── Records for this task ──

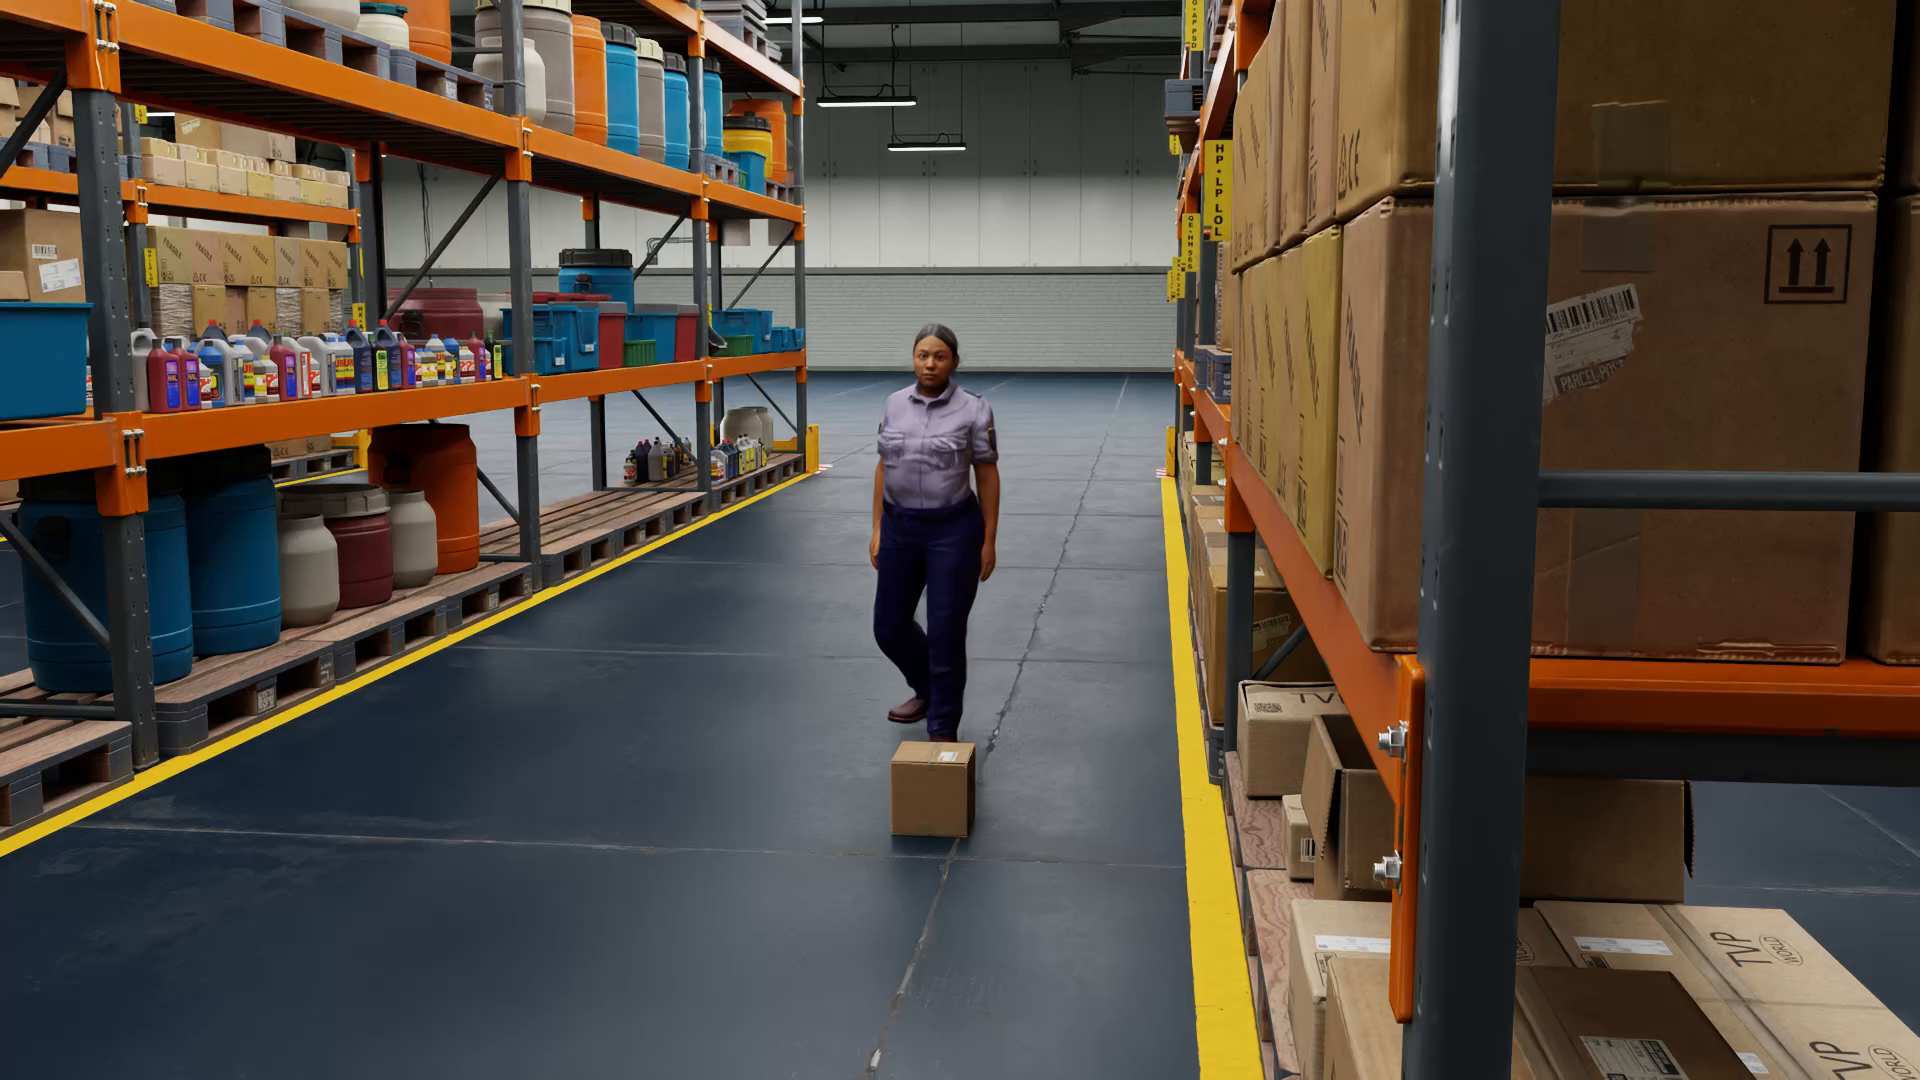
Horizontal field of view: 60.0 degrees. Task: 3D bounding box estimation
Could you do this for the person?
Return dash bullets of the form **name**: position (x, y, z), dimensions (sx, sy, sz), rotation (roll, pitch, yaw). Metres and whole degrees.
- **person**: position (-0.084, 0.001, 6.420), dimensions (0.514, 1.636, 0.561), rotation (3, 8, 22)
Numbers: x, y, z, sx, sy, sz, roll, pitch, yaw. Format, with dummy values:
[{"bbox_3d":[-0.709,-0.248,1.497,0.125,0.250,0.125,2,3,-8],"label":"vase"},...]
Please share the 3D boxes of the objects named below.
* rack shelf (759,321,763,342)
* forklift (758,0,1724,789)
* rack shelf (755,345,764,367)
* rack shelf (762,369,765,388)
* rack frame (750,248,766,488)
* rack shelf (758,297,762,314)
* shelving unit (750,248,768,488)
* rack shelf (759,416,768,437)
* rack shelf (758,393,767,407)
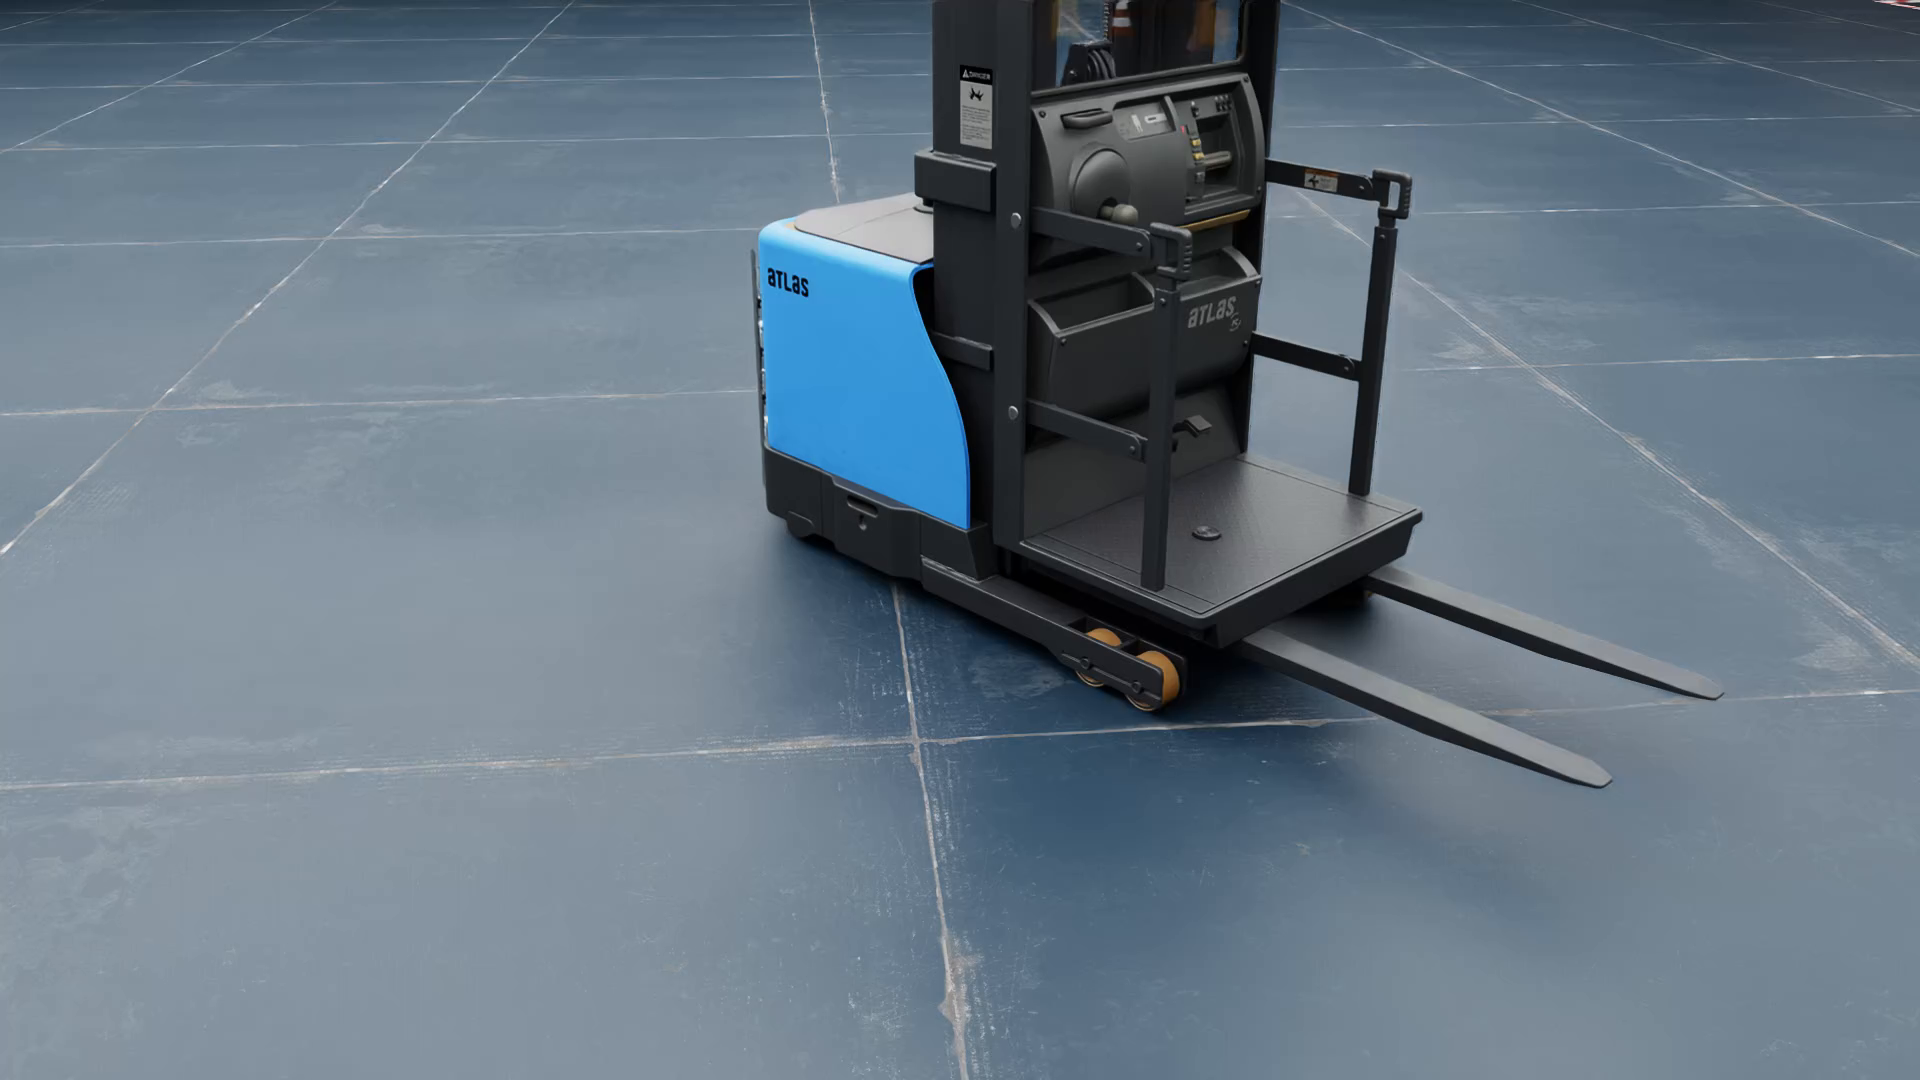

───

The records above are to be repeated exactly, with the pictures left out.

Horizontal field of view: 60.0 degrees. Task: 3D bounding box estimation
Could you do this for the person?
Return dash bullets of the form **name**: position (x, y, z), dimensions (sx, sy, sz), rotation (roll, pitch, yaw). Metres and whole degrees.
- **person**: position (-0.084, 0.001, 6.420), dimensions (0.514, 1.636, 0.561), rotation (3, 8, 22)
Numbers: x, y, z, sx, sy, sz, roll, pitch, yaw. Format, with dummy values:
[{"bbox_3d":[-0.709,-0.248,1.497,0.125,0.250,0.125,2,3,-8],"label":"vase"},...]
Please share the 3D boxes of the objects named below.
* rack shelf (759,321,763,342)
* forklift (758,0,1724,789)
* rack shelf (755,345,764,367)
* rack shelf (762,369,765,388)
* rack frame (750,248,766,488)
* rack shelf (758,297,762,314)
* shelving unit (750,248,768,488)
* rack shelf (759,416,768,437)
* rack shelf (758,393,767,407)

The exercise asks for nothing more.